What are rabbits like?  

Why are they so lazy?

Do they do anything?

 If you keep visiting this blog, I assure you those questions and more will be answered, but for now let's focus on why rabbits always seem to be sleeping.  

There are a couple parts to the explanation.  The first one is timing.  If you've been to a zoo, you've heard someone complain that the big cats just sleep all day.  Lions, owls and a host of other animals are nocturnal, sleeping during the day and becoming alert at night.  Humans and many other creatures are diurnal, we are on the opposite schedule.  Rabbits are neither nocturnal nor diurnal.  They are crepuscular, meaning that they are active in the early morning and evening.  If you speak French, the word crépuscule, meaning twilight makes crepuscular easier to remember.  

The rest of the time, such as when families are likely to visit a farm, rabbits rest.  Evolutionarily speaking, this schedule serves rabbits well since the long shadows and dim light of twilight make it easier for them to hide from predators, regardless of whether they approach from the ground or the sky.  Today, this sleep pattern is ideal for pet owners since it frees them to go to work or school without any worry that their rabbit is bored or missing their company.  Yes, rabbits get bored and lonely too.
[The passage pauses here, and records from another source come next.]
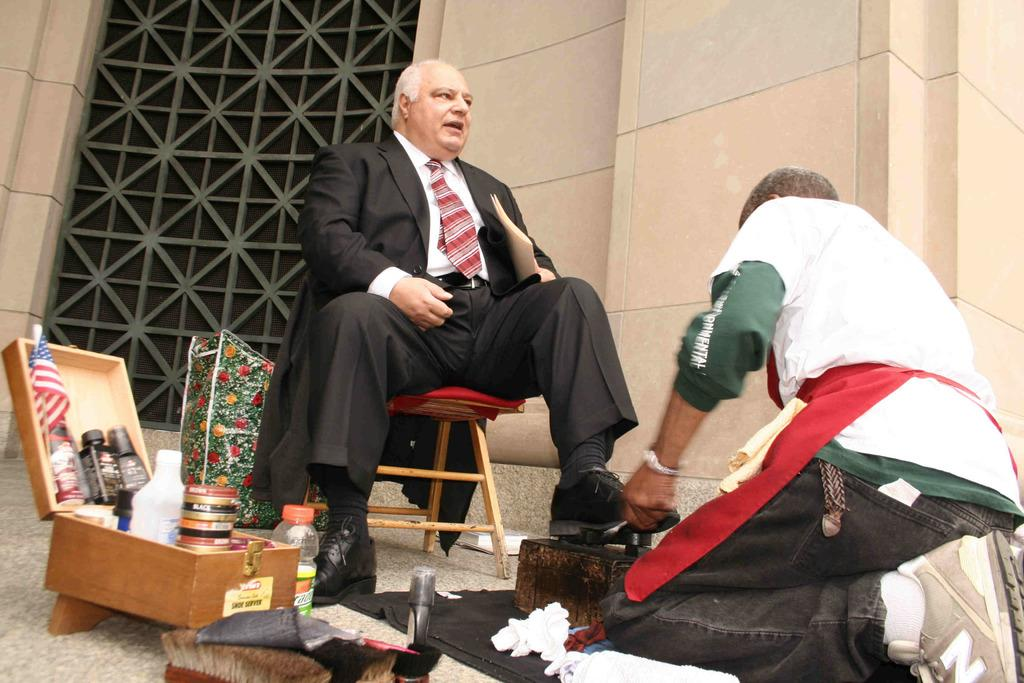How many people are present in the image? There are two people in the image. What can be seen on the left side of the image? There is a box with objects on the left side of the image. What is the man in the image doing? A man is sitting on a table in the image. What type of parcel is the rat holding in the image? There is no rat or parcel present in the image. 
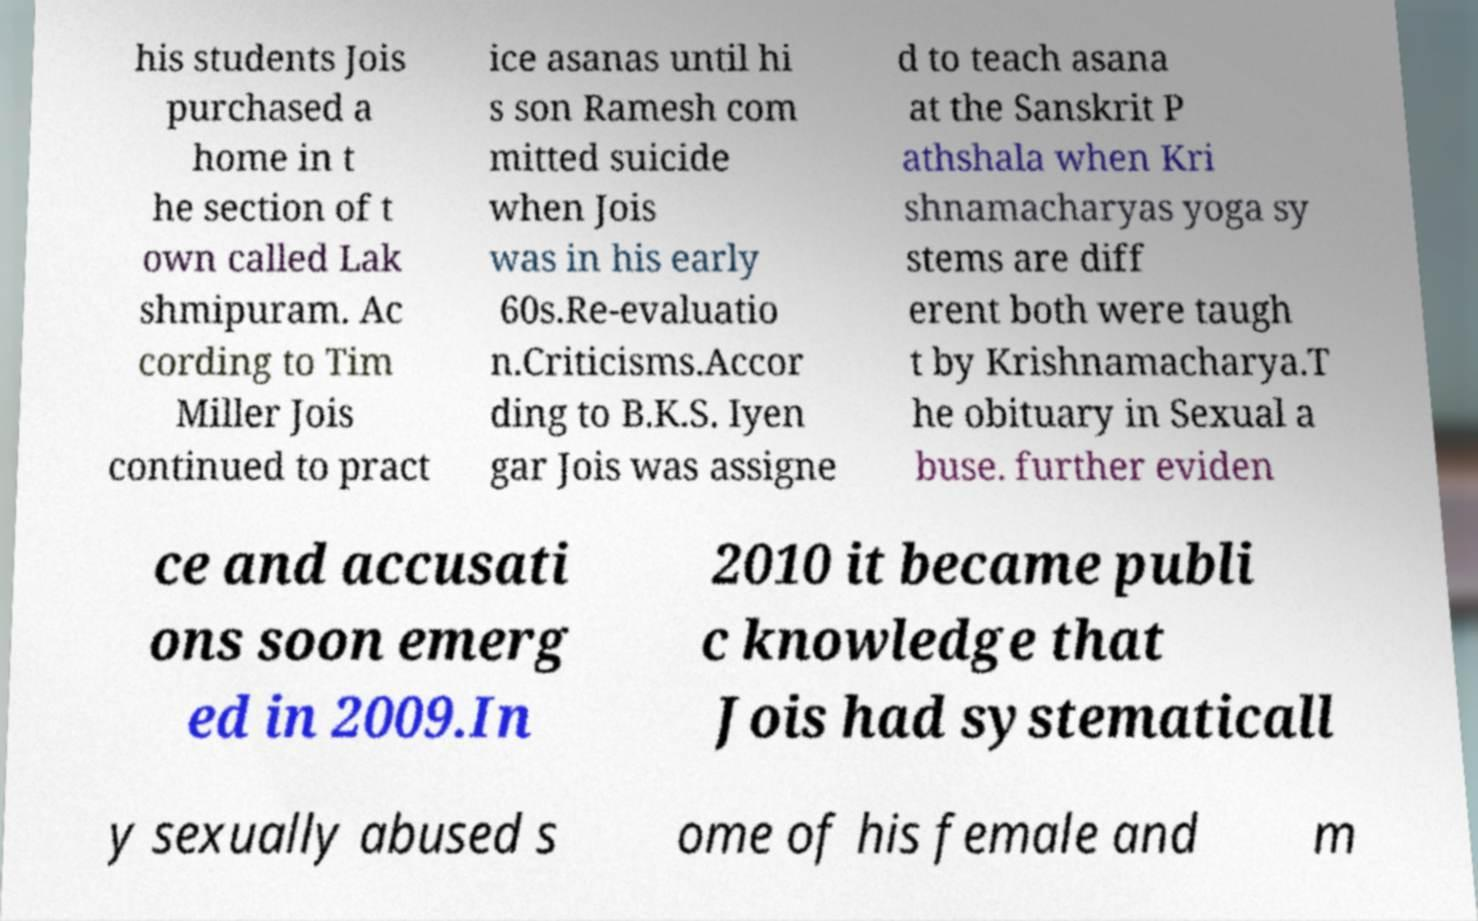For documentation purposes, I need the text within this image transcribed. Could you provide that? his students Jois purchased a home in t he section of t own called Lak shmipuram. Ac cording to Tim Miller Jois continued to pract ice asanas until hi s son Ramesh com mitted suicide when Jois was in his early 60s.Re-evaluatio n.Criticisms.Accor ding to B.K.S. Iyen gar Jois was assigne d to teach asana at the Sanskrit P athshala when Kri shnamacharyas yoga sy stems are diff erent both were taugh t by Krishnamacharya.T he obituary in Sexual a buse. further eviden ce and accusati ons soon emerg ed in 2009.In 2010 it became publi c knowledge that Jois had systematicall y sexually abused s ome of his female and m 
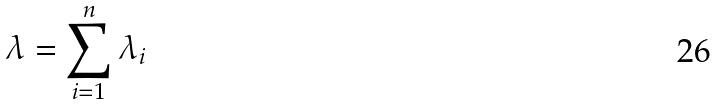Convert formula to latex. <formula><loc_0><loc_0><loc_500><loc_500>\lambda = \sum _ { i = 1 } ^ { n } \lambda _ { i }</formula> 
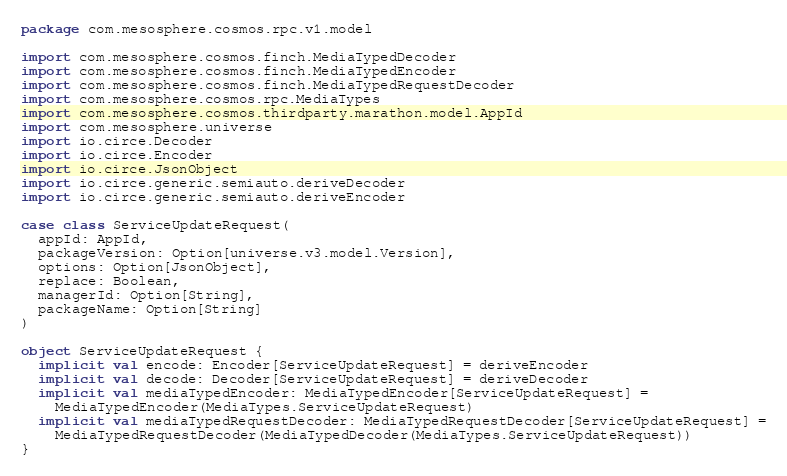Convert code to text. <code><loc_0><loc_0><loc_500><loc_500><_Scala_>package com.mesosphere.cosmos.rpc.v1.model

import com.mesosphere.cosmos.finch.MediaTypedDecoder
import com.mesosphere.cosmos.finch.MediaTypedEncoder
import com.mesosphere.cosmos.finch.MediaTypedRequestDecoder
import com.mesosphere.cosmos.rpc.MediaTypes
import com.mesosphere.cosmos.thirdparty.marathon.model.AppId
import com.mesosphere.universe
import io.circe.Decoder
import io.circe.Encoder
import io.circe.JsonObject
import io.circe.generic.semiauto.deriveDecoder
import io.circe.generic.semiauto.deriveEncoder

case class ServiceUpdateRequest(
  appId: AppId,
  packageVersion: Option[universe.v3.model.Version],
  options: Option[JsonObject],
  replace: Boolean,
  managerId: Option[String],
  packageName: Option[String]
)

object ServiceUpdateRequest {
  implicit val encode: Encoder[ServiceUpdateRequest] = deriveEncoder
  implicit val decode: Decoder[ServiceUpdateRequest] = deriveDecoder
  implicit val mediaTypedEncoder: MediaTypedEncoder[ServiceUpdateRequest] =
    MediaTypedEncoder(MediaTypes.ServiceUpdateRequest)
  implicit val mediaTypedRequestDecoder: MediaTypedRequestDecoder[ServiceUpdateRequest] =
    MediaTypedRequestDecoder(MediaTypedDecoder(MediaTypes.ServiceUpdateRequest))
}
</code>

Another piece of the explanation for why rabbits at farms/petting zoos etc. never seem to be doing anything, is environmental.  In these places, even the best cared for rabbits tend to be in small pens.  Think of it like spending all of your life in a space the size of your bedroom.  There's room to move and lie down, but not enough room to really run around, hop, stand inquisitively on their hind legs or binky (a weird word for when rabbits joyfully act like bucking broncos).  Without stimulation and exercise rabbits (like people) become lethargic.  

All of which is a long way of saying, a farm or petting zoo is a great place to see what a rabbit looks like and giggle at their wiggly noses, but that's about it.  For anything more you'll have to earn their trust and that takes time, sometimes a lot of time.